Let us now construct a simple MatrixFactorization model and train for a single epoch.

In [8]:
import tensorflow as tf

class MatrixFactorization(tf.keras.Model):
    def __init__(self, n_factors):
        super().__init__()
        self.user_embeddings = tf.keras.layers.Embedding(ratings['userId'].max(), n_factors)
        self.movie_embeddings = tf.keras.layers.Embedding(ratings['movieId'].max(), n_factors)
        
    def call(self, batch, training=False):
        user_embs = self.user_embeddings(batch['userId'])
        movie_embs = self.movie_embeddings(batch['movieId'])
        
        tensor = (tf.squeeze(user_embs) * tf.squeeze(movie_embs))
        return tf.reduce_sum(tensor, 1)

In [9]:
model = MatrixFactorization(64)
model.compile(optimizer=tf.keras.optimizers.Adam(1e-2), loss=tf.keras.losses.MeanSquaredError())

Let's first calculate the Mean Squared Error loss before training.

In [10]:
model.evaluate(loader)



13.613324165344238

Let us now train for a single epoch.

In [11]:
model.fit(loader, epochs=1)

2022-11-16 01:53:06.514200: W tensorflow/core/common_runtime/forward_type_inference.cc:231] Type inference failed.

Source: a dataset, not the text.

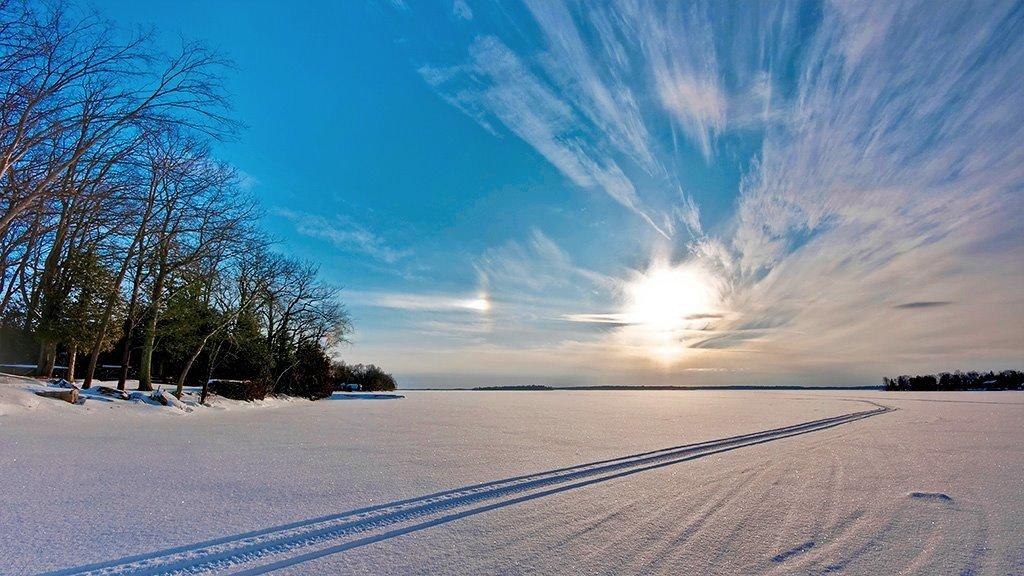What is present at the bottom of the image? There is snow at the bottom of the image. What can be seen in the middle of the image? There are trees in the middle of the image. What is visible at the top of the image? There are clouds and the sun visible in the sky at the top of the image. What type of scarf is being used to measure the pleasure in the image? There is no scarf or measurement of pleasure present in the image. How many drops of water can be seen falling from the clouds in the image? There are no drops of water visible in the image; only clouds and the sun are present in the sky. 
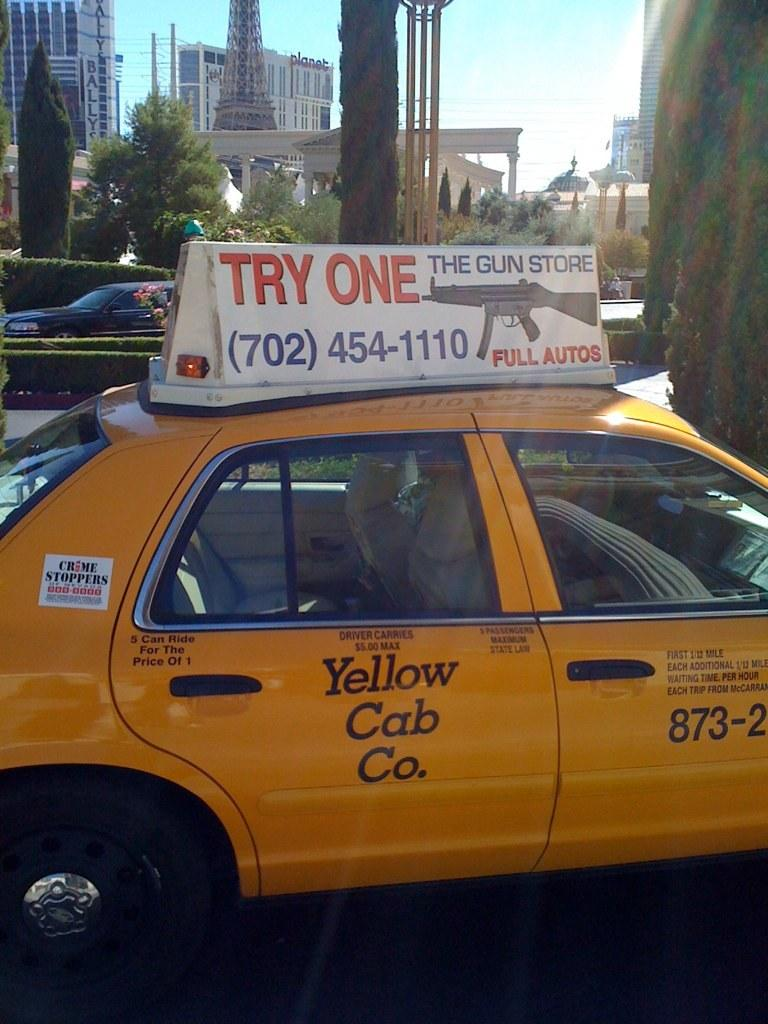<image>
Relay a brief, clear account of the picture shown. A yellow car says Yellow Cab Co. and has a sign on top that says Try One.

This indicates an invalid graph that escaped type checking. Error message: INVALID_ARGUMENT: expected compatible input types, but input 1:
type_id: TFT_OPTIONAL
args {
  type_id: TFT_PRODUCT
  args {
    type_id: TFT_TENSOR
    args {
      type_id: TFT_BOOL
    }
  }
}
 is neither a subtype nor a supertype of the combined inputs preceding it:
type_id: TFT_OPTIONAL
args {
  type_id: TFT_PRODUCT
  args {
    type_id: TFT_TENSOR
    args {
      type_id: TFT_LEGACY_VARIANT
    }
  }
}

	while inferring type of node 'mean_squared_error/cond/output/_11'




<keras.callbacks.History at 0x7f118af504c0>

In [12]:
model.evaluate(loader)



6.169384479522705

The model has improved and has run for a single epoch, training on all 25_000_000 datapoints, in record time!

In a more realistic scenario we would have singled out a validation dataset, trained for more epochs, optimized hyperparameters and so on.

Nonetheless, the objective here was to quickly show you the ropes on integrating `Merlin dataloader` with `Tensorflow`.